Note that –ntasks=nodes*48 For example, if you require 3 nodes then –ntasks=144.

Running a test case

To run a standard test case, edit your env_batch.xml file using the xmlchange command:

From your case directory, ./xmlchange NTHRDS=2

We are only using 2 threads for this test case. For a real case, you will have to change this number to match your requirements.
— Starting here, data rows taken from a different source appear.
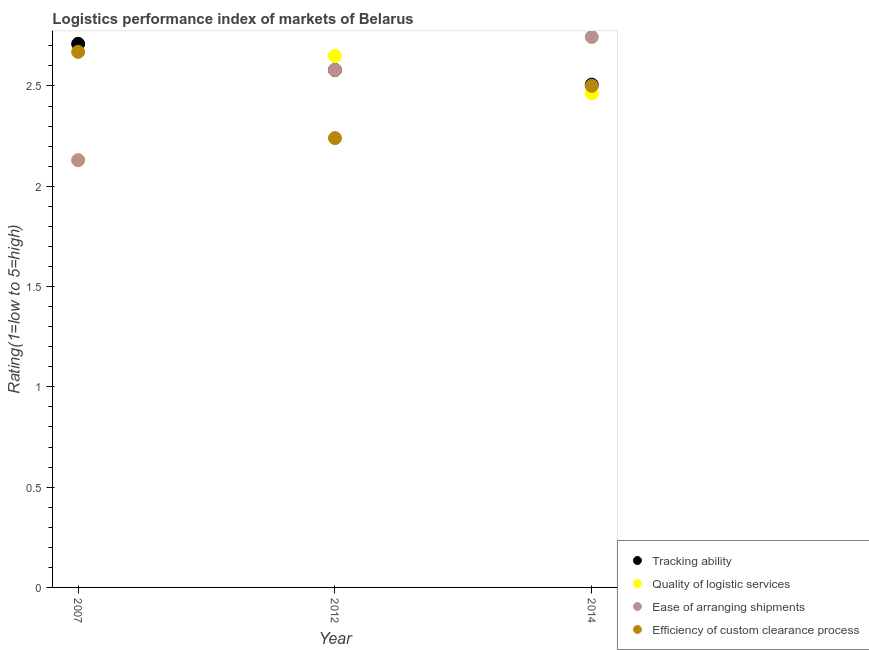Is the number of dotlines equal to the number of legend labels?
Your response must be concise. Yes. What is the lpi rating of tracking ability in 2007?
Keep it short and to the point. 2.71. Across all years, what is the maximum lpi rating of efficiency of custom clearance process?
Ensure brevity in your answer.  2.67. Across all years, what is the minimum lpi rating of tracking ability?
Ensure brevity in your answer.  2.51. What is the total lpi rating of ease of arranging shipments in the graph?
Keep it short and to the point. 7.45. What is the difference between the lpi rating of efficiency of custom clearance process in 2007 and that in 2012?
Keep it short and to the point. 0.43. What is the difference between the lpi rating of quality of logistic services in 2007 and the lpi rating of efficiency of custom clearance process in 2014?
Offer a very short reply. -0.37. What is the average lpi rating of efficiency of custom clearance process per year?
Provide a short and direct response. 2.47. In the year 2012, what is the difference between the lpi rating of tracking ability and lpi rating of quality of logistic services?
Give a very brief answer. -0.07. What is the ratio of the lpi rating of ease of arranging shipments in 2007 to that in 2012?
Your answer should be very brief. 0.83. Is the lpi rating of quality of logistic services in 2007 less than that in 2012?
Offer a very short reply. Yes. Is the difference between the lpi rating of tracking ability in 2012 and 2014 greater than the difference between the lpi rating of quality of logistic services in 2012 and 2014?
Provide a succinct answer. No. What is the difference between the highest and the second highest lpi rating of quality of logistic services?
Keep it short and to the point. 0.19. What is the difference between the highest and the lowest lpi rating of efficiency of custom clearance process?
Keep it short and to the point. 0.43. Does the lpi rating of ease of arranging shipments monotonically increase over the years?
Offer a terse response. Yes. How many dotlines are there?
Keep it short and to the point. 4. How many years are there in the graph?
Provide a succinct answer. 3. Does the graph contain any zero values?
Your response must be concise. No. How many legend labels are there?
Offer a very short reply. 4. What is the title of the graph?
Provide a short and direct response. Logistics performance index of markets of Belarus. Does "Permission" appear as one of the legend labels in the graph?
Ensure brevity in your answer.  No. What is the label or title of the Y-axis?
Provide a succinct answer. Rating(1=low to 5=high). What is the Rating(1=low to 5=high) in Tracking ability in 2007?
Provide a short and direct response. 2.71. What is the Rating(1=low to 5=high) in Quality of logistic services in 2007?
Keep it short and to the point. 2.13. What is the Rating(1=low to 5=high) in Ease of arranging shipments in 2007?
Make the answer very short. 2.13. What is the Rating(1=low to 5=high) in Efficiency of custom clearance process in 2007?
Keep it short and to the point. 2.67. What is the Rating(1=low to 5=high) in Tracking ability in 2012?
Keep it short and to the point. 2.58. What is the Rating(1=low to 5=high) in Quality of logistic services in 2012?
Provide a succinct answer. 2.65. What is the Rating(1=low to 5=high) in Ease of arranging shipments in 2012?
Your response must be concise. 2.58. What is the Rating(1=low to 5=high) in Efficiency of custom clearance process in 2012?
Keep it short and to the point. 2.24. What is the Rating(1=low to 5=high) in Tracking ability in 2014?
Offer a very short reply. 2.51. What is the Rating(1=low to 5=high) of Quality of logistic services in 2014?
Provide a short and direct response. 2.46. What is the Rating(1=low to 5=high) in Ease of arranging shipments in 2014?
Your answer should be compact. 2.74. What is the Rating(1=low to 5=high) of Efficiency of custom clearance process in 2014?
Offer a very short reply. 2.5. Across all years, what is the maximum Rating(1=low to 5=high) in Tracking ability?
Offer a terse response. 2.71. Across all years, what is the maximum Rating(1=low to 5=high) in Quality of logistic services?
Offer a terse response. 2.65. Across all years, what is the maximum Rating(1=low to 5=high) in Ease of arranging shipments?
Ensure brevity in your answer.  2.74. Across all years, what is the maximum Rating(1=low to 5=high) in Efficiency of custom clearance process?
Offer a terse response. 2.67. Across all years, what is the minimum Rating(1=low to 5=high) in Tracking ability?
Your answer should be very brief. 2.51. Across all years, what is the minimum Rating(1=low to 5=high) in Quality of logistic services?
Provide a short and direct response. 2.13. Across all years, what is the minimum Rating(1=low to 5=high) in Ease of arranging shipments?
Keep it short and to the point. 2.13. Across all years, what is the minimum Rating(1=low to 5=high) of Efficiency of custom clearance process?
Your answer should be compact. 2.24. What is the total Rating(1=low to 5=high) of Tracking ability in the graph?
Provide a succinct answer. 7.8. What is the total Rating(1=low to 5=high) in Quality of logistic services in the graph?
Provide a short and direct response. 7.24. What is the total Rating(1=low to 5=high) in Ease of arranging shipments in the graph?
Give a very brief answer. 7.45. What is the total Rating(1=low to 5=high) of Efficiency of custom clearance process in the graph?
Offer a terse response. 7.41. What is the difference between the Rating(1=low to 5=high) of Tracking ability in 2007 and that in 2012?
Your answer should be very brief. 0.13. What is the difference between the Rating(1=low to 5=high) in Quality of logistic services in 2007 and that in 2012?
Ensure brevity in your answer.  -0.52. What is the difference between the Rating(1=low to 5=high) of Ease of arranging shipments in 2007 and that in 2012?
Your answer should be very brief. -0.45. What is the difference between the Rating(1=low to 5=high) in Efficiency of custom clearance process in 2007 and that in 2012?
Ensure brevity in your answer.  0.43. What is the difference between the Rating(1=low to 5=high) in Tracking ability in 2007 and that in 2014?
Your answer should be very brief. 0.2. What is the difference between the Rating(1=low to 5=high) of Quality of logistic services in 2007 and that in 2014?
Your answer should be compact. -0.33. What is the difference between the Rating(1=low to 5=high) of Ease of arranging shipments in 2007 and that in 2014?
Provide a succinct answer. -0.61. What is the difference between the Rating(1=low to 5=high) in Efficiency of custom clearance process in 2007 and that in 2014?
Provide a succinct answer. 0.17. What is the difference between the Rating(1=low to 5=high) of Tracking ability in 2012 and that in 2014?
Your response must be concise. 0.07. What is the difference between the Rating(1=low to 5=high) of Quality of logistic services in 2012 and that in 2014?
Offer a terse response. 0.19. What is the difference between the Rating(1=low to 5=high) of Ease of arranging shipments in 2012 and that in 2014?
Your answer should be compact. -0.16. What is the difference between the Rating(1=low to 5=high) in Efficiency of custom clearance process in 2012 and that in 2014?
Your answer should be compact. -0.26. What is the difference between the Rating(1=low to 5=high) of Tracking ability in 2007 and the Rating(1=low to 5=high) of Ease of arranging shipments in 2012?
Your answer should be compact. 0.13. What is the difference between the Rating(1=low to 5=high) of Tracking ability in 2007 and the Rating(1=low to 5=high) of Efficiency of custom clearance process in 2012?
Your answer should be compact. 0.47. What is the difference between the Rating(1=low to 5=high) of Quality of logistic services in 2007 and the Rating(1=low to 5=high) of Ease of arranging shipments in 2012?
Make the answer very short. -0.45. What is the difference between the Rating(1=low to 5=high) of Quality of logistic services in 2007 and the Rating(1=low to 5=high) of Efficiency of custom clearance process in 2012?
Keep it short and to the point. -0.11. What is the difference between the Rating(1=low to 5=high) in Ease of arranging shipments in 2007 and the Rating(1=low to 5=high) in Efficiency of custom clearance process in 2012?
Your answer should be compact. -0.11. What is the difference between the Rating(1=low to 5=high) in Tracking ability in 2007 and the Rating(1=low to 5=high) in Quality of logistic services in 2014?
Offer a terse response. 0.25. What is the difference between the Rating(1=low to 5=high) of Tracking ability in 2007 and the Rating(1=low to 5=high) of Ease of arranging shipments in 2014?
Make the answer very short. -0.03. What is the difference between the Rating(1=low to 5=high) in Tracking ability in 2007 and the Rating(1=low to 5=high) in Efficiency of custom clearance process in 2014?
Your answer should be compact. 0.21. What is the difference between the Rating(1=low to 5=high) in Quality of logistic services in 2007 and the Rating(1=low to 5=high) in Ease of arranging shipments in 2014?
Provide a short and direct response. -0.61. What is the difference between the Rating(1=low to 5=high) of Quality of logistic services in 2007 and the Rating(1=low to 5=high) of Efficiency of custom clearance process in 2014?
Give a very brief answer. -0.37. What is the difference between the Rating(1=low to 5=high) of Ease of arranging shipments in 2007 and the Rating(1=low to 5=high) of Efficiency of custom clearance process in 2014?
Make the answer very short. -0.37. What is the difference between the Rating(1=low to 5=high) of Tracking ability in 2012 and the Rating(1=low to 5=high) of Quality of logistic services in 2014?
Make the answer very short. 0.12. What is the difference between the Rating(1=low to 5=high) of Tracking ability in 2012 and the Rating(1=low to 5=high) of Ease of arranging shipments in 2014?
Ensure brevity in your answer.  -0.16. What is the difference between the Rating(1=low to 5=high) in Tracking ability in 2012 and the Rating(1=low to 5=high) in Efficiency of custom clearance process in 2014?
Provide a succinct answer. 0.08. What is the difference between the Rating(1=low to 5=high) in Quality of logistic services in 2012 and the Rating(1=low to 5=high) in Ease of arranging shipments in 2014?
Ensure brevity in your answer.  -0.09. What is the difference between the Rating(1=low to 5=high) of Quality of logistic services in 2012 and the Rating(1=low to 5=high) of Efficiency of custom clearance process in 2014?
Provide a short and direct response. 0.15. What is the difference between the Rating(1=low to 5=high) in Ease of arranging shipments in 2012 and the Rating(1=low to 5=high) in Efficiency of custom clearance process in 2014?
Provide a succinct answer. 0.08. What is the average Rating(1=low to 5=high) in Tracking ability per year?
Offer a very short reply. 2.6. What is the average Rating(1=low to 5=high) in Quality of logistic services per year?
Provide a succinct answer. 2.41. What is the average Rating(1=low to 5=high) of Ease of arranging shipments per year?
Ensure brevity in your answer.  2.48. What is the average Rating(1=low to 5=high) of Efficiency of custom clearance process per year?
Your response must be concise. 2.47. In the year 2007, what is the difference between the Rating(1=low to 5=high) in Tracking ability and Rating(1=low to 5=high) in Quality of logistic services?
Keep it short and to the point. 0.58. In the year 2007, what is the difference between the Rating(1=low to 5=high) in Tracking ability and Rating(1=low to 5=high) in Ease of arranging shipments?
Your answer should be compact. 0.58. In the year 2007, what is the difference between the Rating(1=low to 5=high) of Quality of logistic services and Rating(1=low to 5=high) of Ease of arranging shipments?
Keep it short and to the point. 0. In the year 2007, what is the difference between the Rating(1=low to 5=high) in Quality of logistic services and Rating(1=low to 5=high) in Efficiency of custom clearance process?
Your answer should be very brief. -0.54. In the year 2007, what is the difference between the Rating(1=low to 5=high) of Ease of arranging shipments and Rating(1=low to 5=high) of Efficiency of custom clearance process?
Give a very brief answer. -0.54. In the year 2012, what is the difference between the Rating(1=low to 5=high) of Tracking ability and Rating(1=low to 5=high) of Quality of logistic services?
Ensure brevity in your answer.  -0.07. In the year 2012, what is the difference between the Rating(1=low to 5=high) of Tracking ability and Rating(1=low to 5=high) of Ease of arranging shipments?
Your response must be concise. 0. In the year 2012, what is the difference between the Rating(1=low to 5=high) of Tracking ability and Rating(1=low to 5=high) of Efficiency of custom clearance process?
Your answer should be compact. 0.34. In the year 2012, what is the difference between the Rating(1=low to 5=high) in Quality of logistic services and Rating(1=low to 5=high) in Ease of arranging shipments?
Ensure brevity in your answer.  0.07. In the year 2012, what is the difference between the Rating(1=low to 5=high) in Quality of logistic services and Rating(1=low to 5=high) in Efficiency of custom clearance process?
Your response must be concise. 0.41. In the year 2012, what is the difference between the Rating(1=low to 5=high) in Ease of arranging shipments and Rating(1=low to 5=high) in Efficiency of custom clearance process?
Your response must be concise. 0.34. In the year 2014, what is the difference between the Rating(1=low to 5=high) in Tracking ability and Rating(1=low to 5=high) in Quality of logistic services?
Your answer should be compact. 0.04. In the year 2014, what is the difference between the Rating(1=low to 5=high) in Tracking ability and Rating(1=low to 5=high) in Ease of arranging shipments?
Keep it short and to the point. -0.24. In the year 2014, what is the difference between the Rating(1=low to 5=high) in Tracking ability and Rating(1=low to 5=high) in Efficiency of custom clearance process?
Offer a terse response. 0.01. In the year 2014, what is the difference between the Rating(1=low to 5=high) of Quality of logistic services and Rating(1=low to 5=high) of Ease of arranging shipments?
Your response must be concise. -0.28. In the year 2014, what is the difference between the Rating(1=low to 5=high) in Quality of logistic services and Rating(1=low to 5=high) in Efficiency of custom clearance process?
Offer a terse response. -0.04. In the year 2014, what is the difference between the Rating(1=low to 5=high) in Ease of arranging shipments and Rating(1=low to 5=high) in Efficiency of custom clearance process?
Offer a very short reply. 0.24. What is the ratio of the Rating(1=low to 5=high) in Tracking ability in 2007 to that in 2012?
Provide a succinct answer. 1.05. What is the ratio of the Rating(1=low to 5=high) of Quality of logistic services in 2007 to that in 2012?
Your response must be concise. 0.8. What is the ratio of the Rating(1=low to 5=high) in Ease of arranging shipments in 2007 to that in 2012?
Offer a very short reply. 0.83. What is the ratio of the Rating(1=low to 5=high) in Efficiency of custom clearance process in 2007 to that in 2012?
Give a very brief answer. 1.19. What is the ratio of the Rating(1=low to 5=high) in Tracking ability in 2007 to that in 2014?
Your answer should be very brief. 1.08. What is the ratio of the Rating(1=low to 5=high) of Quality of logistic services in 2007 to that in 2014?
Your answer should be compact. 0.86. What is the ratio of the Rating(1=low to 5=high) in Ease of arranging shipments in 2007 to that in 2014?
Your answer should be compact. 0.78. What is the ratio of the Rating(1=low to 5=high) of Efficiency of custom clearance process in 2007 to that in 2014?
Your response must be concise. 1.07. What is the ratio of the Rating(1=low to 5=high) of Tracking ability in 2012 to that in 2014?
Ensure brevity in your answer.  1.03. What is the ratio of the Rating(1=low to 5=high) of Quality of logistic services in 2012 to that in 2014?
Make the answer very short. 1.08. What is the ratio of the Rating(1=low to 5=high) of Ease of arranging shipments in 2012 to that in 2014?
Provide a short and direct response. 0.94. What is the ratio of the Rating(1=low to 5=high) in Efficiency of custom clearance process in 2012 to that in 2014?
Your answer should be very brief. 0.9. What is the difference between the highest and the second highest Rating(1=low to 5=high) in Tracking ability?
Give a very brief answer. 0.13. What is the difference between the highest and the second highest Rating(1=low to 5=high) in Quality of logistic services?
Your answer should be compact. 0.19. What is the difference between the highest and the second highest Rating(1=low to 5=high) of Ease of arranging shipments?
Offer a terse response. 0.16. What is the difference between the highest and the second highest Rating(1=low to 5=high) in Efficiency of custom clearance process?
Offer a very short reply. 0.17. What is the difference between the highest and the lowest Rating(1=low to 5=high) in Tracking ability?
Ensure brevity in your answer.  0.2. What is the difference between the highest and the lowest Rating(1=low to 5=high) of Quality of logistic services?
Your answer should be very brief. 0.52. What is the difference between the highest and the lowest Rating(1=low to 5=high) of Ease of arranging shipments?
Make the answer very short. 0.61. What is the difference between the highest and the lowest Rating(1=low to 5=high) in Efficiency of custom clearance process?
Make the answer very short. 0.43.

To run the case after making this change, run the following commands to reset, clean, and rebuild your run.

./case.setup --reset

./case.build --clean-all

./case.build

Submit the case run

To run your test case, run the command: ./case.submit If your batch configuration was correct, you should get updates by Email from slurm when your run begins and ends. You can also type sqq to look at everything that is currently being run.

Output files from E3SM

To find your output files, navigate to /data/keeling/a/<netID>/a/E3SM/<case_name>/run/<case_name>/run

These files do not provide the same conventional gridded output as CESM - and instead provide data as vectors - so they cannot be analyzed in the same way. They need to be converted first.